ADD and Sleep Apnea: A Personal Story

Even as an infant, my sleep was irregular. I liked the nighttime. I wasn’t colicky or irritable. I wanted to start the party at midnight. I am the youngest of three children, and my mom had to be awake during the day for my siblings. (As genetics and karma had it, neither of my two children slept through the night until they were over a year old.)
In my childhood, I didn’t want the day to end. Even when I was exhausted, I felt there was more to squeeze out of the day. I didn’t feel tired at night, I felt energized. To surrender to sleep seemed wasteful. Procrastination played a role. When I put off doing things, I could get them done at night. I knew no one was going to interrupt me, and there was nothing good on TV.
My habit was to exhaust myself, so it would be easy to fall asleep when my head hit the pillow. If I wasn’t exhausted, I would lie in bed thinking. Sometimes I had anxious thoughts, other times I thought about the concert I was looking forward to, a great meal I had, the meaning of life.
I had problems staying awake and alert during boring activities — namely, school. For me, school days were a school daze. It is hard to explain to someone what this was like. Fatigue overwhelmed me, as if my brain were barreling into shutdown mode. Digging my pen into my leg until it hurt, even puncturing the skin a bit, seemed reasonable — a defibrillator, if you will.
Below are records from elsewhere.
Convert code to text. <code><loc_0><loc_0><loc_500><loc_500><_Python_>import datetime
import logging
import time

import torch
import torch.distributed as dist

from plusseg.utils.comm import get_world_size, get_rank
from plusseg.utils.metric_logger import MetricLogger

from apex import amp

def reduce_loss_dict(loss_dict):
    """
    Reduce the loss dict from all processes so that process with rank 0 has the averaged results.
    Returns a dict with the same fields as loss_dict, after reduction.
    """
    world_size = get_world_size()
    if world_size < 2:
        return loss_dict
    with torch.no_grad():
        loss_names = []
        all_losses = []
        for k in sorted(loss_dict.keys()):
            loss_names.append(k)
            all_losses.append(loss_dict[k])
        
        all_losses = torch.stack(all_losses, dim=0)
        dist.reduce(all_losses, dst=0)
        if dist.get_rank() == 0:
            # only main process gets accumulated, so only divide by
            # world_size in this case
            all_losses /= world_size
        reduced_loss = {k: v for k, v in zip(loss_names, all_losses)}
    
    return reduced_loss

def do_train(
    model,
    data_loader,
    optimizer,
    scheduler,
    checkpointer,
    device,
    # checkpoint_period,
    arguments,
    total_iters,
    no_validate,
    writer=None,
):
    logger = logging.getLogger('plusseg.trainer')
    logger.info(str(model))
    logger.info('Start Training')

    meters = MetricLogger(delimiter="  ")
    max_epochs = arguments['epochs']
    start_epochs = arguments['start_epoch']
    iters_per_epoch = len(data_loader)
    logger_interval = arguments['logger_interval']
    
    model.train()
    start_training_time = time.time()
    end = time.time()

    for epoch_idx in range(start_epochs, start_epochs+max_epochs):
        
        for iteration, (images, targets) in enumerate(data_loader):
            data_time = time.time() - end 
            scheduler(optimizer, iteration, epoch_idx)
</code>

I wanted to pay attention; I physically could not. This daytime “narcolepsy” still affects me, although I have more options as to the environments I place myself in. I could have benefited from fidget toys, stand-up desks, and one-minute breaks. In graduate school, I assigned a designated kicker to hit my leg when I got drowsy in lectures.
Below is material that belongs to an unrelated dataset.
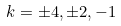<formula> <loc_0><loc_0><loc_500><loc_500>k = \pm 4 , \pm 2 , - 1</formula> 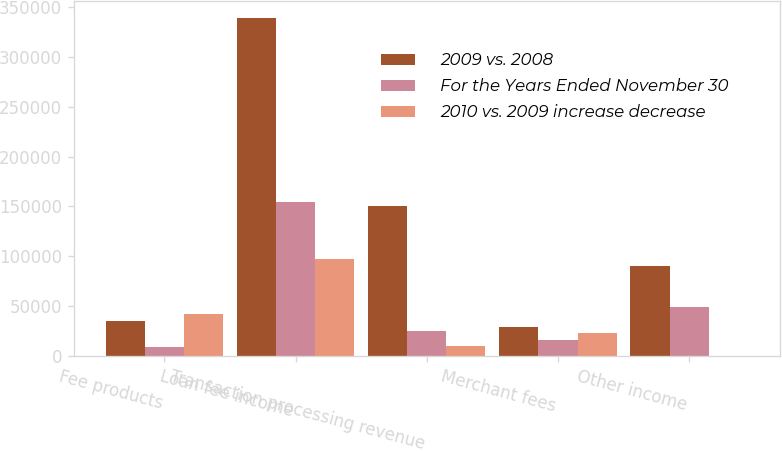Convert chart to OTSL. <chart><loc_0><loc_0><loc_500><loc_500><stacked_bar_chart><ecel><fcel>Fee products<fcel>Loan fee income<fcel>Transaction processing revenue<fcel>Merchant fees<fcel>Other income<nl><fcel>2009 vs. 2008<fcel>35145<fcel>339797<fcel>149946<fcel>28461<fcel>89808<nl><fcel>For the Years Ended November 30<fcel>9251<fcel>154508<fcel>24745<fcel>15787<fcel>48994<nl><fcel>2010 vs. 2009 increase decrease<fcel>41829<fcel>96874<fcel>9287<fcel>22779<fcel>179<nl></chart>

Could Sleep Apnea Be the Culprit?

Then came my sleep apnea diagnosis in 2006. I had always been a snorer. My brother said that I sounded like a chainsaw at age nine. He couldn’t believe that a sound like that could come from a short, skinny kid. I had never heard myself snore, and I never woke up gasping for breath. It was when I was treating a patient with ADHD, who had severe sleep apnea, that I decided to educate myself about it in order to help him. As I checked off the symptoms, some of them resonated with me — chronic, loud snoring, never feeling rested in the morning. Others did not: headaches, mood disorder, and impotence. I decided to get a sleep study done to see whether I had the condition. That decision was a lifesaver.
In the sleep lab, I was hooked up to so many wires I looked like something out of The Terminator. The staff told me they were assessing the number of hypopnea (abnormally shallow breathing events) or apnea (pauses in breathing of at least 10 seconds and decrease in blood oxygenation) events during my sleep. If I had more than 20 events in an hour, they would put me on a CPAP (Continuous Positive Airway Pressure) machine and see if that helped. I’d have to sleep for at least three hours to get a stable reading.
After what felt like 20 minutes, a technician came in my room, wheeling the CPAP machine. I was puzzled. “I thought you needed me to sleep for at least three hours? It’s only been 20 minutes.” She said, “Sir, you have been asleep for three hours.” They attached the CPAP to me and, the next thing I knew, I was awakened at 6:30 in the morning and discharged. I was told to meet with the sleep doctor in five weeks, after they went through my sleep data.
After a week, the doctor’s office called, saying she wanted to see me sooner. The doctor told me that I had a severe case of sleep apnea. Twenty events in an hour warranted the diagnosis. I had 98 events! She said that it was one of the highest scores she had seen. “I am an overachiever,” I joked.